Scientific classification
- Kingdom: Plantae
- Clade: Tracheophytes
- Clade: Angiosperms
- Clade: Eudicots
- Clade: Asterids
- Order: Boraginales
- Family: Cordiaceae
- Genus: Varronia
- Species: V. polycephala
- Binomial name: Varronia polycephala Lam.
- Synonyms: Cordia adnata A.DC. ; Cordia boliviana Gand. ; Cordia corymbosa f. intonsa I.M.Johnst. ; Cordia guazumifolia (Desv.) Roem. & Schult. ; Cordia hermanniifolia Cham. ; Cordia lapensis Warm. ; Cordia mariquitensis Kunth ; Cordia monosperma (Jacq.) Roem. & Schult. ; Cordia paraguariensis Chodat & Hassl. ; Cordia patens Kunth ; Cordia polycephala (Lam.) I.M.Johnst. ; Cordia salzmannii A.DC. ; Cordia salzmannii Benth. ex Griseb. ; Cordia sulfurata E.H.L.Krause ; Cordia ulmifolia Spreng. ; Cordia urticifolia Cham. ; Cordia wickstroemii Steud. ; Cordiopsis monosperma (Jacq.) Ham. ex Heynh. ; Lithocardium adnatum (A.DC.) Kuntze ; Lithocardium guazumifolium Kuntze ; Lithocardium mariquitense (Kunth) Kuntze ; Ulmarronia corymbosa (L.) Friesen ; Ulmarronia mariquitensis (Kunth) Friesen ; Ulmarronia patens (Kunth) Friesen ; Varronia boliviana (Gand.) Borhidi ; Varronia guazumifolia Desv. ; Varronia hermanniifolia (Cham.) Borhidi ; Varronia monosperma Jacq. ; Varronia paniculata Wikstr. ; Varronia paraguariensis (Chodat & Hassl.) Borhidi ; Varronia patens (Kunth) Borhidi ; Varronia ulmifolia Juss. ex Dum.Cours. ; Varronia urticifolia (Cham.) J.S.Mill. ;

= Varronia polycephala =

- Genus: Varronia
- Species: polycephala
- Authority: Lam.
- Conservation status: LC

Species of flowering plant

Varronia polycephala, synonym Cordia polycephala, is a native plant of the Americas that is commonly found in open distributed areas.

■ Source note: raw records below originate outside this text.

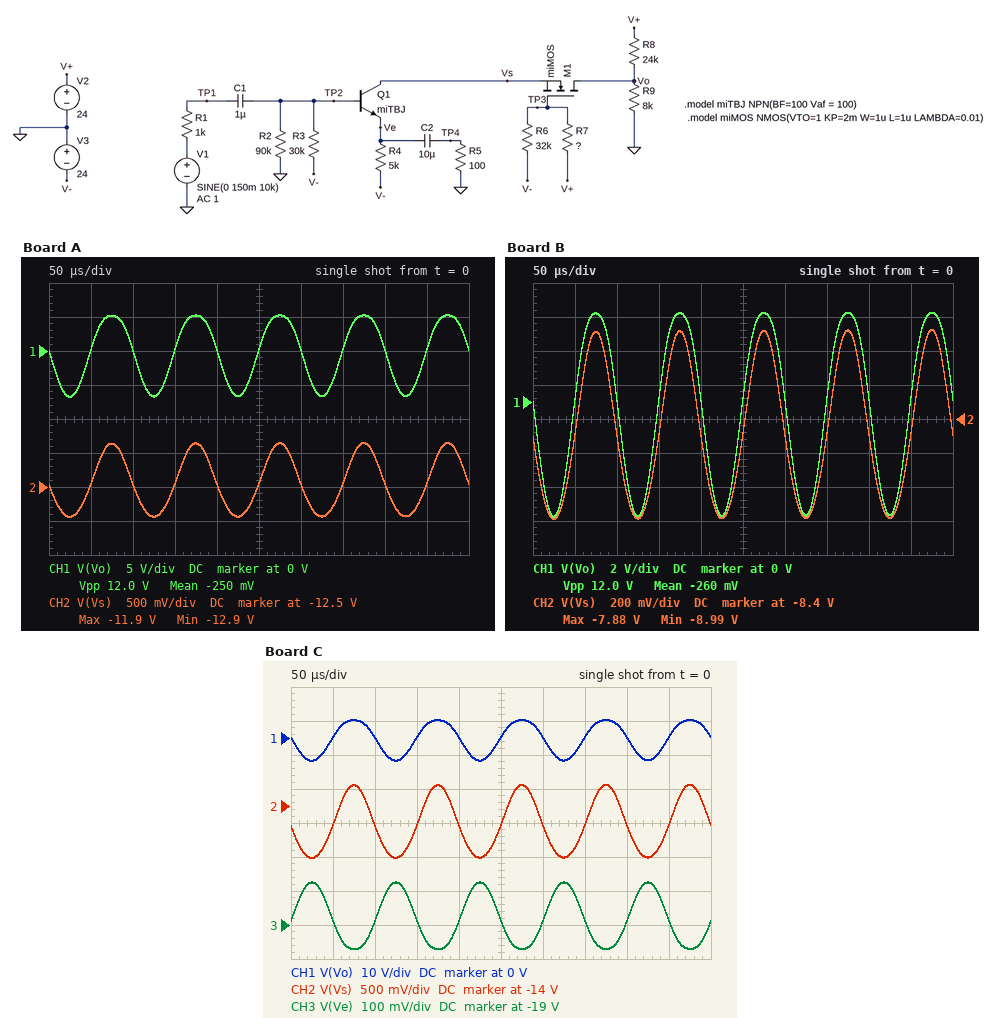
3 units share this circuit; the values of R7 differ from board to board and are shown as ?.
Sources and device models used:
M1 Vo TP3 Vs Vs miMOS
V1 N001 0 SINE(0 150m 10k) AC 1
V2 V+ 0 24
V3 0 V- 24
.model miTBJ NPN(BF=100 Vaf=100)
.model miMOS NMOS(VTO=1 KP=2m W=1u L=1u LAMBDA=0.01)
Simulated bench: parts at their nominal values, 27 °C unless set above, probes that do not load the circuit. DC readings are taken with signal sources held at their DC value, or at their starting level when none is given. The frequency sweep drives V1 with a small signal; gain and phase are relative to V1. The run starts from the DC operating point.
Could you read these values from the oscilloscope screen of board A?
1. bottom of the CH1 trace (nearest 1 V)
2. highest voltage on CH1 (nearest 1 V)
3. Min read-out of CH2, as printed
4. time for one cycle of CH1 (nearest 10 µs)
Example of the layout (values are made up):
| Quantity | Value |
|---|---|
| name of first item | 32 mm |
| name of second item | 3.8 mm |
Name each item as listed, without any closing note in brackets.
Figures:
| Quantity | Value |
|---|---|
| bottom of the CH1 trace | -7 V |
| highest voltage on CH1 | 5 V |
| Min read-out of CH2, as printed | -12.9 V |
| time for one cycle of CH1 | 100 µs |
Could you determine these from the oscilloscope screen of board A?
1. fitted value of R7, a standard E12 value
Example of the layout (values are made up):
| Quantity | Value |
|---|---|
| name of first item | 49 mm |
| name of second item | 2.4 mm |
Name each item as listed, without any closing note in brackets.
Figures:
| Quantity | Value |
|---|---|
| fitted value of R7, a standard E12 value | 82 kΩ |
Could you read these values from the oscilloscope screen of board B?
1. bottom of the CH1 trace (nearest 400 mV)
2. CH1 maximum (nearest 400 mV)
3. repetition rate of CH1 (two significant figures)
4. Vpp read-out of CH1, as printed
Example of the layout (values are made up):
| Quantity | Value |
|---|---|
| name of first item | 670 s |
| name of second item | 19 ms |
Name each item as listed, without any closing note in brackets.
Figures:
| Quantity | Value |
|---|---|
| bottom of the CH1 trace | -6.8 V |
| CH1 maximum | 5.2 V |
| repetition rate of CH1 | 10 kHz |
| Vpp read-out of CH1, as printed | 12.0 V |
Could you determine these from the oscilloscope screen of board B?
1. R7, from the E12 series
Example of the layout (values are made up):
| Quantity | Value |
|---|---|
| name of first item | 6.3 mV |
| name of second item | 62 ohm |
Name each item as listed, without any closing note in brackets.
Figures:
| Quantity | Value |
|---|---|
| R7, from the E12 series | 56 kΩ |
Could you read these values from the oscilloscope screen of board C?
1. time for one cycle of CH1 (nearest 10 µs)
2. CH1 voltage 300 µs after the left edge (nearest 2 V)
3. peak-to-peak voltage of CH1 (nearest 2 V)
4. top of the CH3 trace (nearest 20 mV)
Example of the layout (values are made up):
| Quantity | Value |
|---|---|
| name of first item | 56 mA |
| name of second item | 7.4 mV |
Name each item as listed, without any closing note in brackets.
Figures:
| Quantity | Value |
|---|---|
| time for one cycle of CH1 | 100 µs |
| CH1 voltage 300 µs after the left edge | 0 V |
| peak-to-peak voltage of CH1 | 12 V |
| top of the CH3 trace | -18.88 V |
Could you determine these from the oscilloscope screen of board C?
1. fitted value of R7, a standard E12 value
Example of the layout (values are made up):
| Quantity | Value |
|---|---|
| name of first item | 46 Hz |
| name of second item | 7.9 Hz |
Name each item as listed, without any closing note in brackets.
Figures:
| Quantity | Value |
|---|---|
| fitted value of R7, a standard E12 value | 100 kΩ |

The flowers are sessile and the inflorescences are simple or branched. Fruits are usually bright red and 3-4 millimeters in diameter, covered by an enlarged calyx.

== Usage ==
The stems are known to be gathered from its habitat, which are marsh forests along creeks and rivers near the coast, and used as tooth cleaners. The fruits are known to be edible and they consist of a layer of pulpy, sweetish flesh surrounding a single seed.

== Common name ==
Varronia polycephala is also known as black-sage.

== Distribution ==
Varronia polycephala has a distribution in tropical forests of the Americas. It is native to Haiti, the Dominican Republic, Puerto Rico, the Virgin Islands, the Lesser Antilles, Colombia, Venezuela, Guyana, Suriname, Ecuador, Peru, Brazil, Bolivia, Paraguay and Argentina.

== Conservation ==
This species can be found in protected areas throughout its range of the Lesser Antilles and South America. In Puerto Rico it is found in public forests, such as Maricao, Ro Abajo, and Cambalache. It is also found in the Virgin Islands National Park and Sage Mountain National Park on the island of Tortola.